- Exercise directions:
From the entries that follow, copy exactly the lines beginning at the line holding "And now the small metal block (101,143,138,191), please." and continuing through the line holding "- small metal block [136, 105, 187, 148]".

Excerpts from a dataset
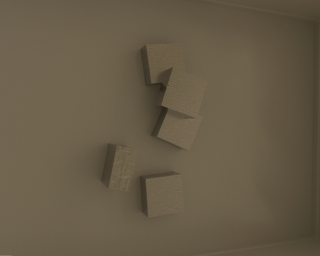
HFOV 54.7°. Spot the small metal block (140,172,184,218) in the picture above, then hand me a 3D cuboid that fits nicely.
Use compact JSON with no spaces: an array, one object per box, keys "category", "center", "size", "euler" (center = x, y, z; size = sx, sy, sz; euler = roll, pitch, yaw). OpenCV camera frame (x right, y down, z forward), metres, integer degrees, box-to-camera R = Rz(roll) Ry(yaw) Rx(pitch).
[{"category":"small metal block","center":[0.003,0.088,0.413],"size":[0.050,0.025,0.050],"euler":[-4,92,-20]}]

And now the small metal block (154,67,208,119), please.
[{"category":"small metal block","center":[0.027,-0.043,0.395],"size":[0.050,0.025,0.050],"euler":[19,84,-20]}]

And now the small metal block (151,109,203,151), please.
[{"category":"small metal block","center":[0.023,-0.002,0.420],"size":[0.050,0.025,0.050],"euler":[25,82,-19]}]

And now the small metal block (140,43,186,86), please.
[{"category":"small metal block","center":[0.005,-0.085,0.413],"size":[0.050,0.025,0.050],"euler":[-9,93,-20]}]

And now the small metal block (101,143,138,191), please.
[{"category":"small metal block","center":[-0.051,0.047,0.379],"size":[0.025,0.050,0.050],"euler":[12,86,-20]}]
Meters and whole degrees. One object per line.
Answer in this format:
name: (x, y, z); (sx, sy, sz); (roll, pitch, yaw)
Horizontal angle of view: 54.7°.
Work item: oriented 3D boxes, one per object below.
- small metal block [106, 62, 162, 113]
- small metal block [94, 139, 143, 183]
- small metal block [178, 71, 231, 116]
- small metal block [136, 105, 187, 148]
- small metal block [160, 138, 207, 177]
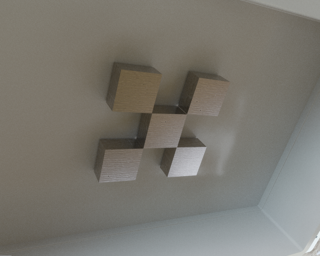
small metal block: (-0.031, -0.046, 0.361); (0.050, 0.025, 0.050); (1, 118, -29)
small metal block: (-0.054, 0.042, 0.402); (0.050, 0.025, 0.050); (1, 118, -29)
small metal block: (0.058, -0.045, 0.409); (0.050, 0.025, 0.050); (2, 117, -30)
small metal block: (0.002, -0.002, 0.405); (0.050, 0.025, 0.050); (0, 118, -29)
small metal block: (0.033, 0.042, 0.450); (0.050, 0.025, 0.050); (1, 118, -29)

- Exercise answer:
And now the small metal block (101,143,138,191), please.
[{"category":"small metal block","center":[-0.051,0.047,0.379],"size":[0.025,0.050,0.050],"euler":[12,86,-20]}]
Meters and whole degrees. One object per line.
Answer in this format:
name: (x, y, z); (sx, sy, sz); (roll, pitch, yaw)
Horizontal angle of view: 54.7°.
Work item: oriented 3D boxes, one per object below.
- small metal block [106, 62, 162, 113]
- small metal block [94, 139, 143, 183]
- small metal block [178, 71, 231, 116]
- small metal block [136, 105, 187, 148]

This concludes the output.